Play became successful in Los Angeles before it became successful anywhere else,” he continues. “We started getting licensing requests for movies and TV shows, and then it just took off from there. The early adopters were music supervisors in Los Angeles. When opportunities to get the music heard came along, we jumped at them. At that time, there was really no radio support. That informed all the licensing-anything we could do to try to get more people to hear the music.”

Moby says he had almost no input on how the music would be used in the ads, but he’s quick to add that he would never license his work to a tobacco company or McDonald’s (or Burger King, for that matter). “One of the things that I like about recorded music is that remixing or licensing the music doesn’t compromise the original recording. Take a painting-the only way you can change it is by hurting the original. But, because music can be reproduced so easily, it can be retextualized and still exist in its original form.”

And there’s no such thing as selling out, he says. It’s a hollow accusation, cried in outraged by disillusioned schoolboys, hipster phonies and indier-than-thou punks. “In the early ‘80s, I played in a hardcore punk band, and the term ‘sellout’ was tossed around quite a lot,” he notes. “There were some really hardcore anarchist punks who believed that if you charged money for a show, you were a sellout. And there were people who believed that if you made a seven-inch record, you were a sellout. Basically, every musician who is involved in the commercial exploitation of music is ostensibly a sellout. I eventually realized how absurd that was.”

In the end, his label, publisher and Moby himself did very well with the deal. “It sure made them like me more,” he quips. “In their eyes, it made me more of a valuable and viable artist to them.”

It made them all lots of money. More important, it gave a once “fringe” artist a wider venue in which to spread his musical message. The exposure accelerated sales of Play, which has become one of electronic music’s (a stalled genre more acclaimed in theory than in practice) few genuine classics. Furthermore, he reworked the standard by which artists and advertisers can work together without compromising the artistic integrity of the former (a decade ago, chill-out music never would have been heard outside of after-hours clubs, let alone during Desperate Housewives‘ breaks).

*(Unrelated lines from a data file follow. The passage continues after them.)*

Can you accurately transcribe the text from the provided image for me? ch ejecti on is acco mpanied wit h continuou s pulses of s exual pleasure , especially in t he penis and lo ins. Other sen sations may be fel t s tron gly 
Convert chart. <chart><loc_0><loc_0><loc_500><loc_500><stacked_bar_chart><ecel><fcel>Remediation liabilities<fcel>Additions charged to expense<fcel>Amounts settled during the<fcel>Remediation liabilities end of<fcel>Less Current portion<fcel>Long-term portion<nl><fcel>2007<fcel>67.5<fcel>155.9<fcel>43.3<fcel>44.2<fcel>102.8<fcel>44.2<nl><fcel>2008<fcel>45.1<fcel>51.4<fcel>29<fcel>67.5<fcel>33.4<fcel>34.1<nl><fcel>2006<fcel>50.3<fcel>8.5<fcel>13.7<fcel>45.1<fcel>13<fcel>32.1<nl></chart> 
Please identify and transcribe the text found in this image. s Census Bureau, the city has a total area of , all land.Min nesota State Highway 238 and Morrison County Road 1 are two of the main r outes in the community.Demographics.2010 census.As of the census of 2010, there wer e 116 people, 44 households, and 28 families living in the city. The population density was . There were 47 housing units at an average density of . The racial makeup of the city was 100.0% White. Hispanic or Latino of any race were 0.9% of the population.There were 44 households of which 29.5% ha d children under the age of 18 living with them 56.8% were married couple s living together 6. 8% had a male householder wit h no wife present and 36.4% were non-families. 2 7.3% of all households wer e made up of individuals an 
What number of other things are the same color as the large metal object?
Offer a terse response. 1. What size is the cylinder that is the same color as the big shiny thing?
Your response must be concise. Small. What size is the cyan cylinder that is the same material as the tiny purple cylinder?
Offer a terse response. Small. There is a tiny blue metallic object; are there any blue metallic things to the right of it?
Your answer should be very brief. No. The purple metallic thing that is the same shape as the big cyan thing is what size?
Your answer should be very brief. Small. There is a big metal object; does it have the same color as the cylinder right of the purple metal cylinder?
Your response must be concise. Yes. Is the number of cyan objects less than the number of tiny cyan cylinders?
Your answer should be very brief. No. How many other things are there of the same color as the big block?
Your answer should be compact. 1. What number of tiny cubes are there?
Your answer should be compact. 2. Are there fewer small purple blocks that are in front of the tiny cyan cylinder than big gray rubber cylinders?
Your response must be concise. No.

Moby says he’d do it all again (which he kinda has). Post-Play tracks have popped up in commercials and on TV shows, and Moby lent 18’s “Extreme Ways” to last year’s The Bourne Supremacy. “As weird as this might sound with all the licensing that we did, the money was really not the motivating factor,” he says. “The biggest motivating factor was the increased exposure we got through licensing. I worked long and hard on the music. I spent the better part of two years making Play. When it came out, my assumption was that no one would ever listen to it. Before it came out, I even tried to think of other jobs that I could do. I was tempted to go back to school to study architecture.

“It’s nice to have a more diversified career in music now,” he concludes. “There are lots of different ways to work on music and get it out to the real world. The licensing is a happy bonus. I’ve never once written a piece of music and thought to myself, ‘I hope this gets licensed somewhere.’ The music itself is very precious. The marketing of the music is not precious at all. I see licensing as a marketing tool. The music is very sacred to me, but you can’t control it once it’s released. It [Play] was very bizarre, and in many ways unprecedented that a weird, eclectic, obscure underground record made in the bedroom of a guy in his late-30s in New York would become so ubiquitous.”